I wonder why Connie is so vitriolic about the Clinton skirmish. Apparently Big Bill later denied that it ever happened, and honesty is paramount to Connie. Her mom warned her to keep mum, but the tale of the groupie and the governor soon got around and the Arkansas Democrat-Gazette ran the sordid tale on the front page. When denials came from the governor's office, the right-wing American Spectator asked Connie to take a lie detector test. "They were so out to get his sorry fucking ass, they said, `We'll pay if you'll do it,' and I said, `Hey, I've got the balls to take it.' They said there was a 50/50 chance I might not pass and I had to live with that. I smoked dope, I drank wine the night before, and told the polygrapher exactly how much I drank, how much I smoked.
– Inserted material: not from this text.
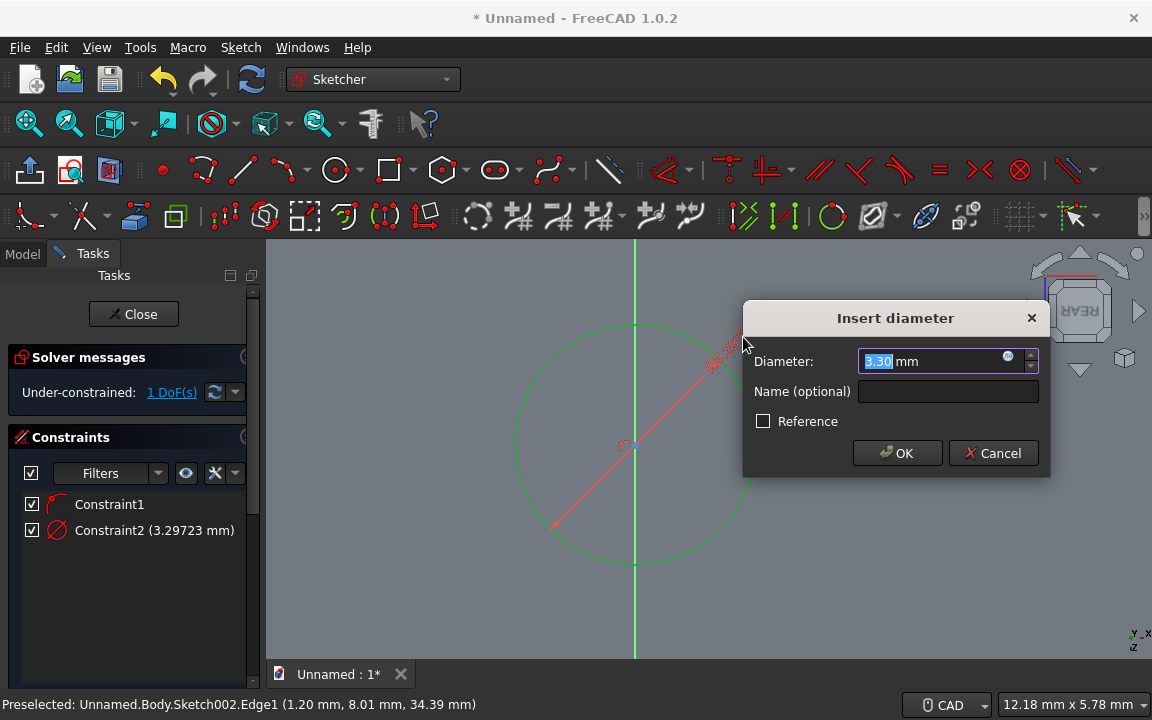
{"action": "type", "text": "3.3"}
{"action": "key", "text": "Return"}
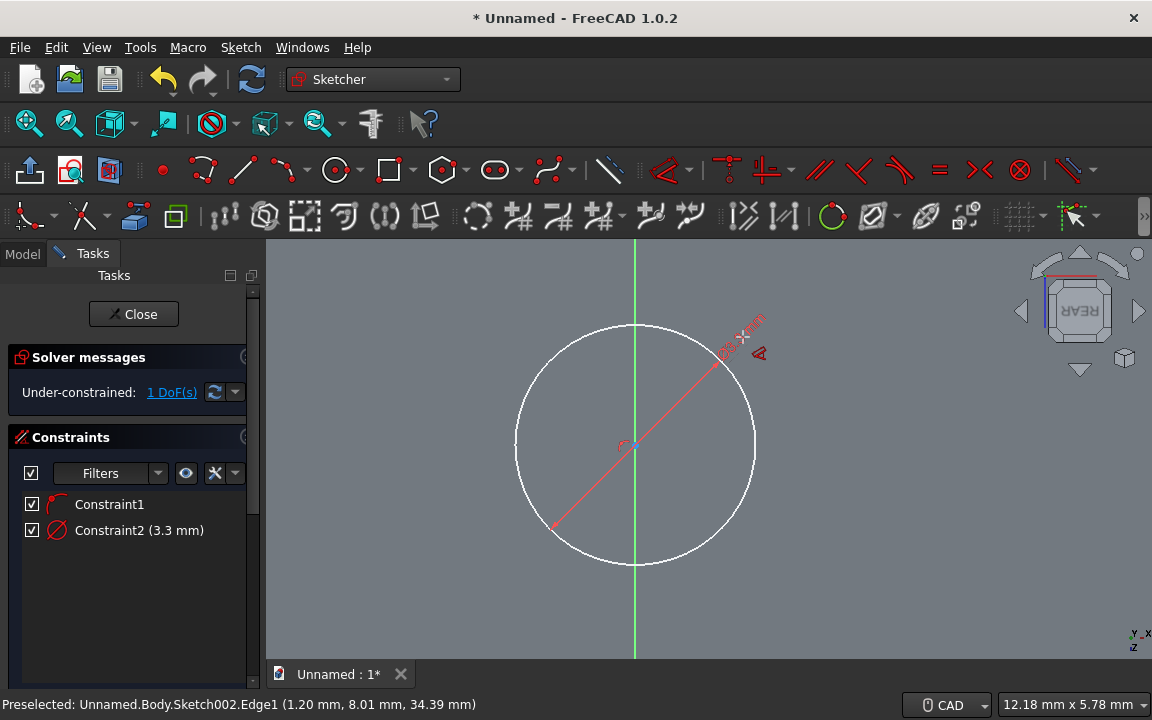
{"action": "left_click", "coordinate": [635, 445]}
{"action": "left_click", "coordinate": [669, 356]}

I said, `Look, I was nervous, but I guarantee you, I'm telling you the truth.' They gave me the test three times and I passed it all three times."
Connie may have aced the lie detector test, but the odds were with Clinton, and the scathing press and negative fallout wore her to a frazzle. She still fumes with anger. "I started talking about what he was way before Paula Jones. The Clinton deal almost put me on the streets. He is a bigger groupie than either of us ever was; he may not be sucking any dick, but it ain't all about the dick sucking, it's about the handshaking and glad-handing. I might be a slut and a whore, but I ain't no liar."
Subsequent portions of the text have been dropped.